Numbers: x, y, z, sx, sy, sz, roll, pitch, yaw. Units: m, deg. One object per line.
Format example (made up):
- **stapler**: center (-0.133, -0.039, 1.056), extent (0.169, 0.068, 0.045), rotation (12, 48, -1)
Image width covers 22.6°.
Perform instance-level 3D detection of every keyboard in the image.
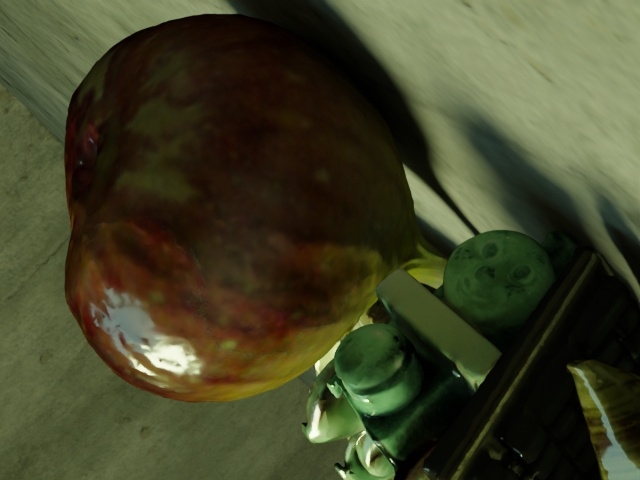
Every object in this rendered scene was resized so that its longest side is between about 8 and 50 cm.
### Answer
- **keyboard**: center (0.131, 0.119, 0.628), extent (0.027, 0.106, 0.317), rotation (28, 168, 38)

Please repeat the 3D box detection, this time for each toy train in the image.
- **toy train**: center (0.070, 0.070, 0.615), extent (0.081, 0.125, 0.194), rotation (41, 170, 37)

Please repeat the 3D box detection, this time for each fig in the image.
- **fig**: center (-0.016, 0.005, 0.672), extent (0.231, 0.143, 0.160), rotation (40, -151, -50)

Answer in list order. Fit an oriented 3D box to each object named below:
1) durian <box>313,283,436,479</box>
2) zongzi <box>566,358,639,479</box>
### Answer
- **durian**: center (0.062, 0.065, 0.805), extent (0.188, 0.091, 0.148), rotation (59, 161, -11)
- **zongzi**: center (0.161, 0.133, 0.602), extent (0.241, 0.111, 0.247), rotation (51, 177, 3)
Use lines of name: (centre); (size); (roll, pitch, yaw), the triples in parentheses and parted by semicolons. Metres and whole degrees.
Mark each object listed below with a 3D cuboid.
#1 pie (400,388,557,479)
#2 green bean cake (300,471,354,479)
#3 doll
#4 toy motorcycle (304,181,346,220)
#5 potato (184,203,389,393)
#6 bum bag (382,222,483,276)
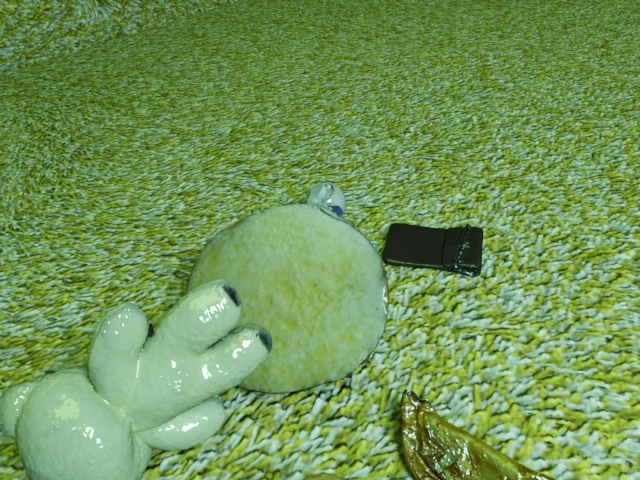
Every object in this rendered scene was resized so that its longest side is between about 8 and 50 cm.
pie: (0.152, 0.246, 0.538); (0.191, 0.033, 0.088); (27, 64, 31)
green bean cake: (-0.008, 0.329, 0.378); (0.229, 0.131, 0.224); (-30, 43, -23)
doll: (-0.188, 0.163, 0.562); (0.278, 0.149, 0.175); (-35, 86, -11)
toy motorcycle: (0.000, 0.000, 0.813); (0.112, 0.112, 0.254); (-4, 42, 2)
potato: (-0.035, 0.074, 0.661); (0.299, 0.116, 0.239); (-11, 78, 25)
bum bag: (0.186, 0.008, 0.827); (0.159, 0.026, 0.109); (6, 41, 13)
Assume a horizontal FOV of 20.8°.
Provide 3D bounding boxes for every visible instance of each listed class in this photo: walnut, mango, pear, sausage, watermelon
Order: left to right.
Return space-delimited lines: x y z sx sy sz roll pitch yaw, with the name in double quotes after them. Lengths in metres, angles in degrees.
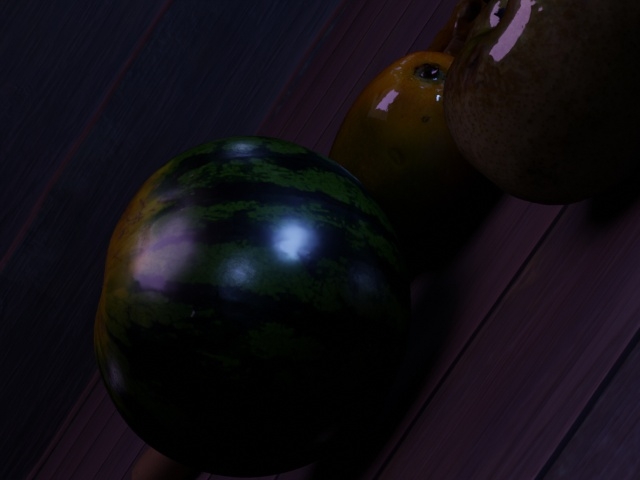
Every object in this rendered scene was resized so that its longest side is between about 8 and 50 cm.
-0.122 0.193 1.871 0.301 0.066 0.066 -47 14 45 "sausage"
-0.052 0.052 1.357 0.269 0.269 0.269 -55 9 13 "watermelon"
0.062 -0.055 1.498 0.289 0.129 0.146 130 156 -63 "mango"
0.150 -0.182 1.672 0.143 0.069 0.170 -47 15 45 "walnut"
0.156 -0.103 1.123 0.167 0.136 0.167 -50 10 13 "pear"

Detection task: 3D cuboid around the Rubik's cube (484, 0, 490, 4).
0.195 -0.303 1.473 0.184 0.182 0.187 -60 10 -17 "Rubik's cube"
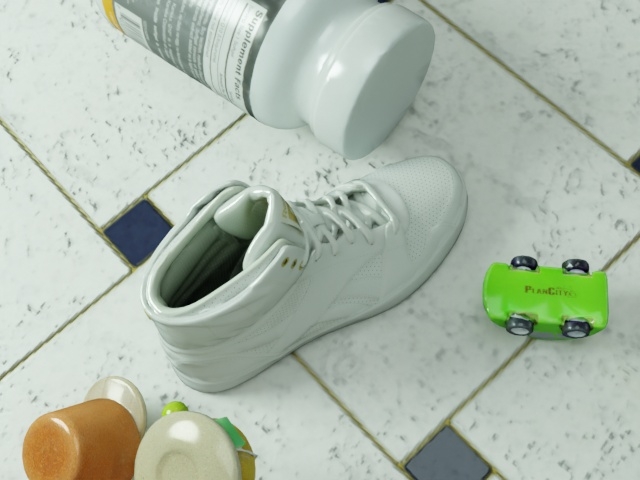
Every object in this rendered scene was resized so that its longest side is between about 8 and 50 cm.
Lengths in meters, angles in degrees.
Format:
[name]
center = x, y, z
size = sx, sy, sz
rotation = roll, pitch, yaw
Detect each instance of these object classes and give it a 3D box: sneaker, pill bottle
[sneaker]
center = 0.000, 0.000, 0.691
size = 0.292, 0.169, 0.108
rotation = -35, 66, -12
[pill bottle]
center = -0.050, -0.196, 0.785
size = 0.278, 0.162, 0.162
rotation = 34, 72, 17

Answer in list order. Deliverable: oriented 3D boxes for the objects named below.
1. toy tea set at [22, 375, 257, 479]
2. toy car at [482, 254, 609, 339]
[toy tea set]
center = -0.077, 0.233, 0.643
size = 0.200, 0.124, 0.336
rotation = -37, 69, 20
[toy car]
center = 0.240, 0.053, 0.711
size = 0.224, 0.053, 0.239
rotation = 5, 66, 7
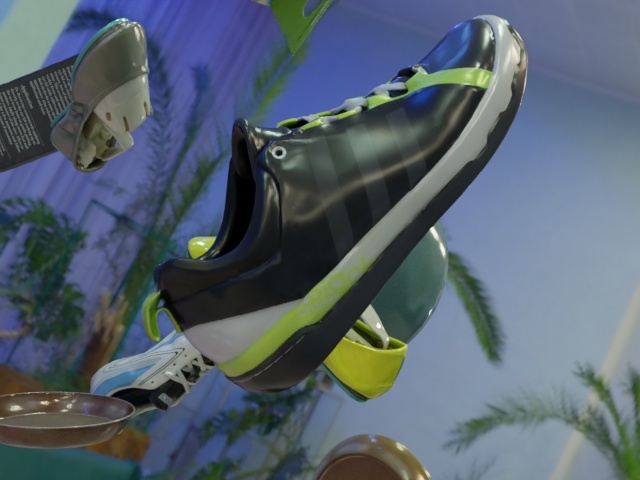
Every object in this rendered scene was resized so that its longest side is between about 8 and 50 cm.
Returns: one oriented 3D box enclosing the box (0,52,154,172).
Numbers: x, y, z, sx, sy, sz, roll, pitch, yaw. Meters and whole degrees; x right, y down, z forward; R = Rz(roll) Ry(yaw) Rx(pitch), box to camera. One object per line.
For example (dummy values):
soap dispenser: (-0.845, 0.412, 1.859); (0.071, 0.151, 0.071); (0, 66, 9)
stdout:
box: (-0.352, -0.181, 1.423); (0.153, 0.207, 0.108); (-79, 148, -79)

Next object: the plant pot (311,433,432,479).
plant pot: (0.065, 0.390, 1.456); (0.236, 0.236, 0.032); (19, 8, 39)

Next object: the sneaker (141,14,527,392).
sneaker: (0.007, -0.036, 0.495); (0.097, 0.235, 0.084); (41, -16, -13)

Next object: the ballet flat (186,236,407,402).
ballet flat: (-0.016, 0.052, 0.964); (0.231, 0.077, 0.077); (39, 24, 3)

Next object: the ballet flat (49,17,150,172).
ballet flat: (-0.172, -0.112, 0.865); (0.068, 0.072, 0.213); (52, -28, -2)

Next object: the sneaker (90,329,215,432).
sneaker: (-0.160, 0.145, 1.208); (0.085, 0.237, 0.086); (49, 12, -51)

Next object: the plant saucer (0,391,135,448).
plant saucer: (-0.278, 0.187, 1.085); (0.168, 0.029, 0.168); (2, 3, 0)

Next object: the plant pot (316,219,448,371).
plant pot: (0.000, 0.000, 1.306); (0.290, 0.290, 0.195); (23, -13, 24)

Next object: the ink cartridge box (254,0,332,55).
ink cartridge box: (-0.063, -0.431, 1.542); (0.097, 0.189, 0.255); (14, 38, -38)
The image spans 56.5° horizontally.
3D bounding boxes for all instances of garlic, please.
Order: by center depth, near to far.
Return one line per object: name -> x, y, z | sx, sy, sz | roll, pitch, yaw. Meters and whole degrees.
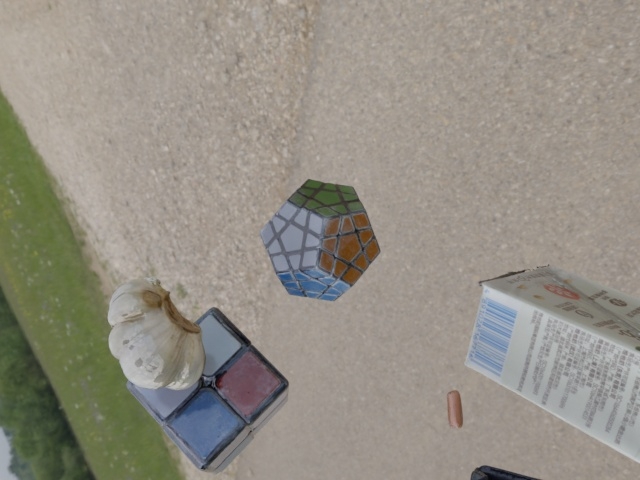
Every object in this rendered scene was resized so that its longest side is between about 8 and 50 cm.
garlic -> -0.399, 0.241, 1.382 | 0.281, 0.184, 0.203 | 44, 123, -10

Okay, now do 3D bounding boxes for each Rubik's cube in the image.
Rubik's cube -> 0.001, 0.000, 1.537 | 0.319, 0.319, 0.263 | 129, 155, -58
Rubik's cube -> -0.297, 0.429, 1.673 | 0.316, 0.313, 0.318 | 43, 161, 13

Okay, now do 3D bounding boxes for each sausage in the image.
sausage -> 0.300, 0.377, 1.329 | 0.034, 0.034, 0.083 | 131, 144, -58

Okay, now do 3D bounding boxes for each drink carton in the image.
drink carton -> 0.367, 0.151, 0.740 | 0.325, 0.194, 0.131 | 25, 115, 45

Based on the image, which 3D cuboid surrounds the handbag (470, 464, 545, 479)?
handbag -> 0.407, 0.600, 1.101 | 0.329, 0.122, 0.303 | -7, 96, 49
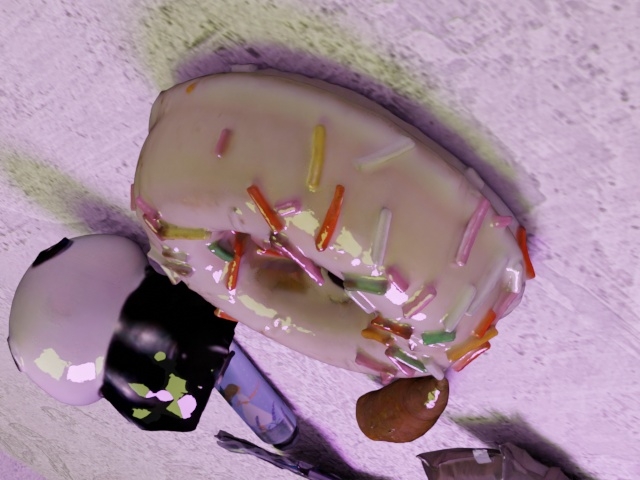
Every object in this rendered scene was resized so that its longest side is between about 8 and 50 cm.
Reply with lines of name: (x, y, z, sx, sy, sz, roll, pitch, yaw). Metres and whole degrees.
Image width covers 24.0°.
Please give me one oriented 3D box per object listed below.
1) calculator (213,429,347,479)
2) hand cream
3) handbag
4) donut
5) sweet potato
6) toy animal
calculator: (-0.036, 0.335, 2.212, 0.166, 0.028, 0.274, 16, 169, 28)
hand cream: (-0.106, 0.195, 2.027, 0.091, 0.058, 0.271, 0, 142, 32)
handbag: (0.256, 0.317, 1.777, 0.270, 0.117, 0.182, 38, 148, -20)
donut: (0.000, 0.000, 1.341, 0.383, 0.142, 0.382, 24, 159, 10)
sweet potato: (0.105, 0.191, 1.715, 0.077, 0.077, 0.244, 33, 159, -11)
toy animal: (-0.231, 0.108, 1.783, 0.267, 0.212, 0.212, 22, 158, 4)
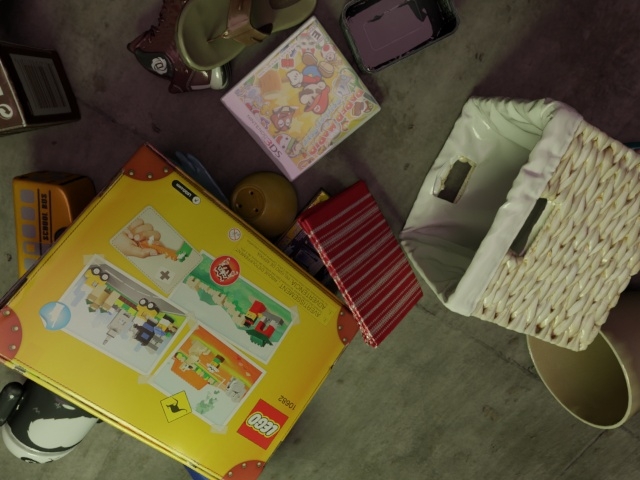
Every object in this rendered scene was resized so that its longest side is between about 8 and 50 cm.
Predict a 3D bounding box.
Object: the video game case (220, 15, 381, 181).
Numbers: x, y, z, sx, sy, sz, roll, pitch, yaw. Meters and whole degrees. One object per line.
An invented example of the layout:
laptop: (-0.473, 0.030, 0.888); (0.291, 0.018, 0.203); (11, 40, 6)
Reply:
video game case: (-0.035, -0.257, 0.858); (0.227, 0.026, 0.206); (-38, 110, 10)

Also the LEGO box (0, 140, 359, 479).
LEGO box: (-0.230, 0.139, 0.811); (0.500, 0.193, 0.372); (41, 77, -19)

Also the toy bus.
toy bus: (-0.516, 0.039, 0.911); (0.130, 0.108, 0.333); (7, 108, -3)

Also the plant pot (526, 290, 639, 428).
plant pot: (0.625, 0.207, 0.941); (0.274, 0.256, 0.257); (-17, 108, -14)

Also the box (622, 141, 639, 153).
box: (0.701, -0.148, 0.901); (0.244, 0.060, 0.101); (-6, 108, 0)

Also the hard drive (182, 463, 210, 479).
hard drive: (-0.230, 0.528, 0.990); (0.040, 0.318, 0.210); (-36, 110, -31)

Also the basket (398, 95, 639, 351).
basket: (0.346, -0.044, 0.789); (0.266, 0.331, 0.328); (21, 106, -10)

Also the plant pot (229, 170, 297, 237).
plant pot: (-0.120, -0.070, 0.869); (0.134, 0.095, 0.134); (0, 92, 12)

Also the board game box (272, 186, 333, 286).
board game box: (0.000, 0.000, 0.941); (0.141, 0.048, 0.170); (40, 102, -11)

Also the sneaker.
sneaker: (-0.268, -0.388, 0.781); (0.162, 0.106, 0.281); (-12, 109, 6)

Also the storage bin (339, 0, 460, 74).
storage bin: (0.134, -0.382, 0.800); (0.180, 0.084, 0.122); (-25, 107, 7)

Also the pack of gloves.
pack of gloves: (-0.280, -0.047, 0.922); (0.195, 0.046, 0.232); (-34, 105, 9)

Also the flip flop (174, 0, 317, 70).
flip flop: (-0.111, -0.368, 0.748); (0.277, 0.080, 0.112); (-31, 124, -21)

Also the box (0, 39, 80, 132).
box: (-0.653, -0.228, 0.780); (0.381, 0.191, 0.143); (-13, 108, 2)

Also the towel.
towel: (0.084, 0.035, 0.863); (0.031, 0.199, 0.275); (-21, 101, 48)

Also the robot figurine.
robot figurine: (-0.549, 0.344, 0.975); (0.209, 0.173, 0.278); (38, 103, -12)
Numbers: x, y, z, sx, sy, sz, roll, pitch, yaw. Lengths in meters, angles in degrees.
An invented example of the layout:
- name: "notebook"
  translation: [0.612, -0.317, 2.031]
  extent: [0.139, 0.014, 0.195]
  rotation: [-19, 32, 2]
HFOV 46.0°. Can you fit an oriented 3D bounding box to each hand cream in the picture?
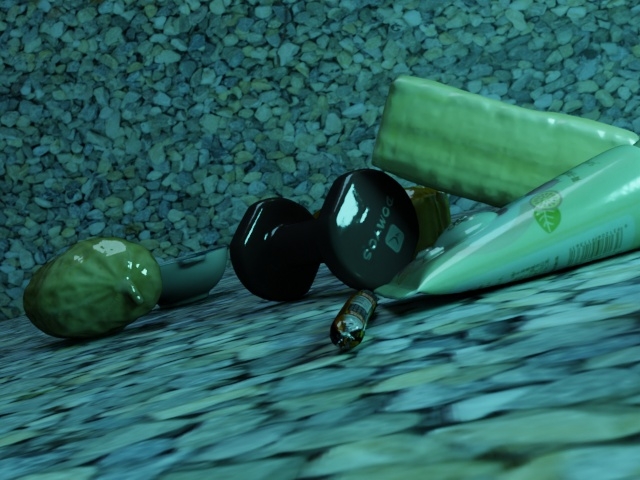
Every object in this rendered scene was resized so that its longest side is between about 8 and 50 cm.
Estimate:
- name: "hand cream"
  translation: [0.197, -0.006, 0.669]
  extent: [0.306, 0.093, 0.147]
  rotation: [-23, 1, -4]

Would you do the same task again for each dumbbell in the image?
- name: "dumbbell"
  translation: [0.000, 0.000, 0.906]
  extent: [0.124, 0.140, 0.225]
  rotation: [36, -26, -28]

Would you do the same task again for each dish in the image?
- name: "dish"
  translation: [-0.274, 0.080, 1.400]
  extent: [0.228, 0.086, 0.236]
  rotation: [-15, 2, -5]

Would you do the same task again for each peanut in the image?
- name: "peanut"
  translation: [-0.363, 0.079, 1.135]
  extent: [0.159, 0.143, 0.291]
  rotation: [-1, -10, -43]

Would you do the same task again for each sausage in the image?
- name: "sausage"
  translation: [0.029, 0.060, 0.596]
  extent: [0.028, 0.025, 0.198]
  rotation: [14, 6, 6]

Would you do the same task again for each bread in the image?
- name: "bread"
  translation: [0.088, -0.016, 1.178]
  extent: [0.152, 0.119, 0.288]
  rotation: [-18, 3, -19]

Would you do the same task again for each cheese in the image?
- name: "cheese"
  translation: [0.216, -0.096, 0.873]
  extent: [0.265, 0.124, 0.242]
  rotation: [17, 11, 14]
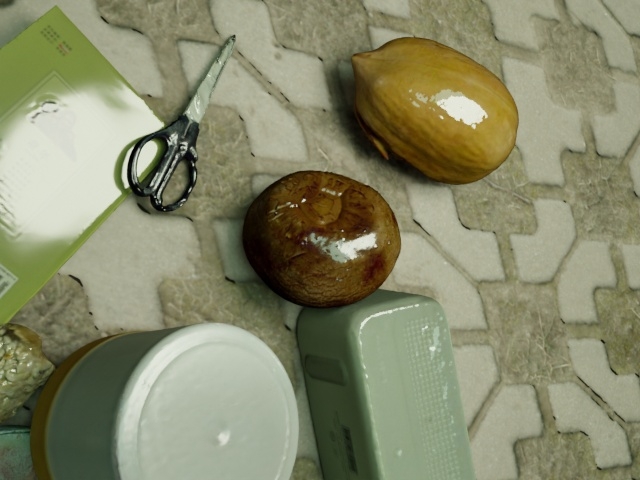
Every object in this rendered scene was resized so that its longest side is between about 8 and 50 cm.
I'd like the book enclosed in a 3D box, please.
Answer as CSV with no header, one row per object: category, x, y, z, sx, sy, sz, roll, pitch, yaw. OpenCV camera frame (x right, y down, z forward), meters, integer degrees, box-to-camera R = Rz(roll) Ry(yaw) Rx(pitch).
book,-0.370,-0.094,0.777,0.239,0.035,0.352,49,63,-26

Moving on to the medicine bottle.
medicine bottle,-0.182,0.223,0.726,0.237,0.231,0.238,12,72,-42

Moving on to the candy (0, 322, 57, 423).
candy,-0.380,0.161,0.750,0.085,0.095,0.110,33,67,27

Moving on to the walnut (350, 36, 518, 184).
walnut,0.174,-0.212,0.971,0.297,0.203,0.203,34,74,-14

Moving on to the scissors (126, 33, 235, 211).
scissors,-0.183,-0.183,0.894,0.109,0.022,0.300,42,64,-43

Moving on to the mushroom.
mushroom,0.000,-0.010,0.872,0.231,0.138,0.194,4,44,5

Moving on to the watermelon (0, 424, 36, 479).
watermelon,-0.449,0.347,0.710,0.318,0.148,0.226,-50,124,-34

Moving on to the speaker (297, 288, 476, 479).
speaker,0.103,0.277,0.904,0.183,0.184,0.407,-10,90,-24
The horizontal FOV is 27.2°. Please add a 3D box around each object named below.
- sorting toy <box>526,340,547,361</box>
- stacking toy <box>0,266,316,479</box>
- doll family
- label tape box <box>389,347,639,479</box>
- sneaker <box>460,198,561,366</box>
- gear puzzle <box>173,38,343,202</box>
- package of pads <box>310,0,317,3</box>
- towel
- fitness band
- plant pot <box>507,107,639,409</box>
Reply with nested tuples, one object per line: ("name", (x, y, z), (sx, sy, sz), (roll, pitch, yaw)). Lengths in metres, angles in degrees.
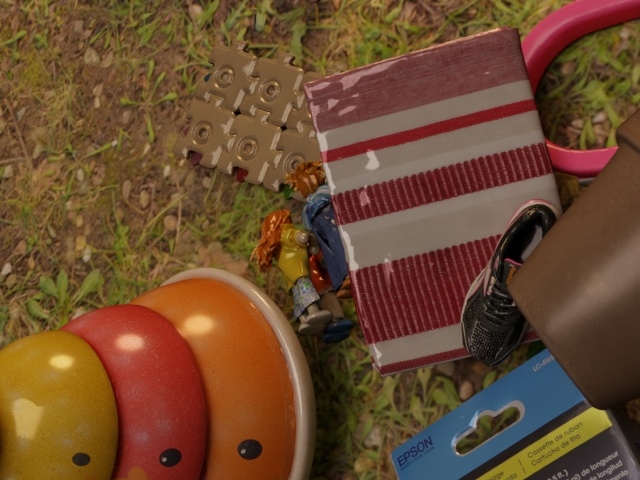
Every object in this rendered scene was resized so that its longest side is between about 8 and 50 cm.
("sorting toy", (0.248, 0.100, 1.422), (0.061, 0.042, 0.102), (-31, 74, 43))
("stacking toy", (-0.274, 0.210, 1.461), (0.350, 0.479, 0.351), (1, 92, 45))
("doll family", (0.000, 0.000, 1.518), (0.263, 0.118, 0.163), (-49, 52, 47))
("label tape box", (0.247, 0.311, 1.326), (0.249, 0.115, 0.348), (-37, 56, 22))
("sneaker", (0.188, 0.039, 1.332), (0.072, 0.077, 0.178), (18, 91, 10))
("gear puzzle", (-0.029, -0.139, 1.671), (0.339, 0.044, 0.176), (21, 90, 34))
("package of pads", (-0.028, -0.346, 1.720), (0.083, 0.032, 0.050), (31, 96, 36))
("towel", (0.132, -0.040, 1.399), (0.237, 0.037, 0.329), (-14, 87, 8))
("fitness band", (0.334, -0.174, 1.413), (0.290, 0.054, 0.209), (-13, 72, 31))
("plant pot", (0.304, 0.032, 1.230), (0.229, 0.263, 0.263), (-36, 60, 6))
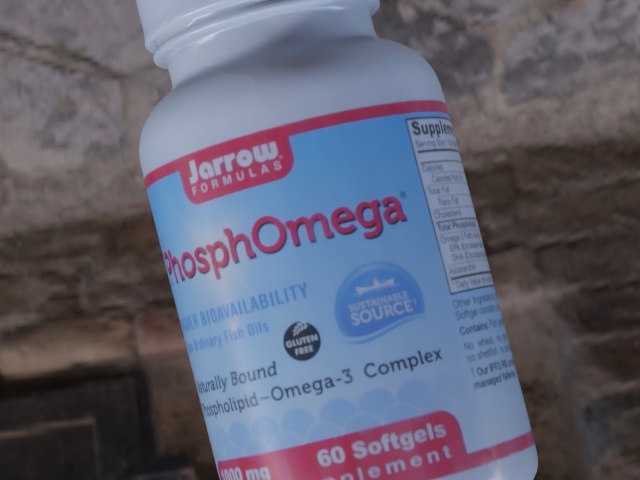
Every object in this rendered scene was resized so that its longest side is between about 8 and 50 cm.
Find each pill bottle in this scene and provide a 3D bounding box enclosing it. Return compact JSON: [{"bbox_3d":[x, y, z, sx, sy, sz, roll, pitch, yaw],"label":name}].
[{"bbox_3d":[0.000,0.000,0.462,0.087,0.160,0.087,-15,176,-1],"label":"pill bottle"}]

.....

■ Task directions
All lines in the listing above between the line with "Moving on to the watermelon" and the line with "Reply with nested", inclusive, should be set down exactly, and no line outside that range.

■ Reply to the exercise
Moving on to the watermelon (0, 424, 36, 479).
watermelon,-0.449,0.347,0.710,0.318,0.148,0.226,-50,124,-34

Moving on to the speaker (297, 288, 476, 479).
speaker,0.103,0.277,0.904,0.183,0.184,0.407,-10,90,-24
The horizontal FOV is 27.2°. Please add a 3D box around each object named below.
- sorting toy <box>526,340,547,361</box>
- stacking toy <box>0,266,316,479</box>
- doll family
- label tape box <box>389,347,639,479</box>
- sneaker <box>460,198,561,366</box>
- gear puzzle <box>173,38,343,202</box>
- package of pads <box>310,0,317,3</box>
- towel
- fitness band
- plant pot <box>507,107,639,409</box>
Reply with nested tuples, one object per line: ("name", (x, y, z), (sx, sy, sz), (roll, pitch, yaw)). Lengths in metres, angles in degrees.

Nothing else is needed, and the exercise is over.